Jeremy Martinez, MPH

Credit: Harvard University

Jeremy Martinez, MPH

Credit: Harvard University

JAK inhibitor treatment is linked to higher rates of acne among dermatology patients, according to recent findings, suggesting the need for both proper counseling of patients on such adverse effects and further investigation into the underlying mechanisms.1

These findings were the result of a recent meta-analysis, conducted to assess each of the placebo-controlled phase 2 and phase 3 randomized clinical trials (RCTs) on JAK inhibition treatment that have been published. The analysis looked at acne risk as an adverse effect of the treatments analyzed in each of these studies.

The topic of JAK inhibitor use for different dermatologic conditions has become increasingly prominent among dermatologists, with the pro's and con's being highlighted frequently.

To help add to this body of research, the new analysis into acne rates and JAK inhibition was led by Jeremy Martinez, MPH, from Harvard Medical School in Boston, Massachusetts.

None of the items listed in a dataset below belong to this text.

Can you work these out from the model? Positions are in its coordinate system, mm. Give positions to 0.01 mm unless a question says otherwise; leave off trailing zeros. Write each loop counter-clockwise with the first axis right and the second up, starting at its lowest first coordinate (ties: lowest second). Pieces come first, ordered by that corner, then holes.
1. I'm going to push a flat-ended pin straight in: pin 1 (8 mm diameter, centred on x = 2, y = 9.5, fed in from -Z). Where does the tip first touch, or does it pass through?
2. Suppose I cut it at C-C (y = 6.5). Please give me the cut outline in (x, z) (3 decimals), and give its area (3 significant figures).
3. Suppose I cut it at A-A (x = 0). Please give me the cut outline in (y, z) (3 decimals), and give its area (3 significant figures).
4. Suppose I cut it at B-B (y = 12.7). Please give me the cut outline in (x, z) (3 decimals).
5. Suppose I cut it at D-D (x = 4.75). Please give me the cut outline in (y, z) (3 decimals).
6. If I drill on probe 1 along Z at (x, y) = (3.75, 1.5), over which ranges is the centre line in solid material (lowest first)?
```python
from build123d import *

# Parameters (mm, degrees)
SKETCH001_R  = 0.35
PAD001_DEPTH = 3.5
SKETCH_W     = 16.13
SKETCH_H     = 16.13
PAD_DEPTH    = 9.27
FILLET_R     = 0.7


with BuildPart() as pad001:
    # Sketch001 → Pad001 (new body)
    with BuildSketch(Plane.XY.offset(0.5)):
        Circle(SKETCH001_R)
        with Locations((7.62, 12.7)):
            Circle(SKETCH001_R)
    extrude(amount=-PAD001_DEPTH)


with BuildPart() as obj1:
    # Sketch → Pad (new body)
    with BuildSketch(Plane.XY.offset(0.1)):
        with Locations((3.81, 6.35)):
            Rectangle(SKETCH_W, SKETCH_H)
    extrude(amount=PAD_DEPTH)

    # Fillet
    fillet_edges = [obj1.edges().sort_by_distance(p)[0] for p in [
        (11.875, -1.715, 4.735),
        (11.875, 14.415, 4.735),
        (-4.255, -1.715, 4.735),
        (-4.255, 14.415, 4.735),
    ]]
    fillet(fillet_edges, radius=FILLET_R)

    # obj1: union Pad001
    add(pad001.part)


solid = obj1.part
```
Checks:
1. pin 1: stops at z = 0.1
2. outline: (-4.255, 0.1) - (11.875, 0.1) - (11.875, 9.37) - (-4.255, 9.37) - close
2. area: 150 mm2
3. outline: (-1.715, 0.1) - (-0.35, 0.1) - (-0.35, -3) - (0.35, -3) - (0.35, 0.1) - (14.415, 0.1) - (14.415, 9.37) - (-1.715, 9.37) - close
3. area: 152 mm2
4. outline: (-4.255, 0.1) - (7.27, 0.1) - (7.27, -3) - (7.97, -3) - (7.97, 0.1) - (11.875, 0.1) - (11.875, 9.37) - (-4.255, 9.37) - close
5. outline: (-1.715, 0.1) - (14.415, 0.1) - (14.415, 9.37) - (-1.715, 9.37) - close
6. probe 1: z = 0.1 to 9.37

“While JAK inhibitors hold promise as a valuable treatment option for patients with inflammatory conditions, acne has been a commonly reported adverse effect in clinical trials of JAK inhibitors,” Martinez and colleagues wrote. “However, little is known about the overall incidence of acne from JAK inhibitors and how this differs between different drug classes and the underlying conditions being treated.”2,3

Background and Findings

The investigators used a systematic review and meta-analysis study design, seeking to assess the occurrence of new-onset acne in individuals involved in clinical trials receiving JAK inhibitor treatment compared to those in the placebo arm of the analysis. Their methodological quality was assessed through the Measurement Tool to Assess Systematic Reviews.

In order to gather the relevant RCTs, the research team utilized a comprehensive search strategy with Ovid MEDLINE and PubMed, encompassing placebo-controlled RCTs that involved JAK inhibitor use. The team’s assessment included search terms related to JAK inhibition such as tofacitinib, ruxolitinib, and others, with the assessment being extended from the inception of the databases until January 2023.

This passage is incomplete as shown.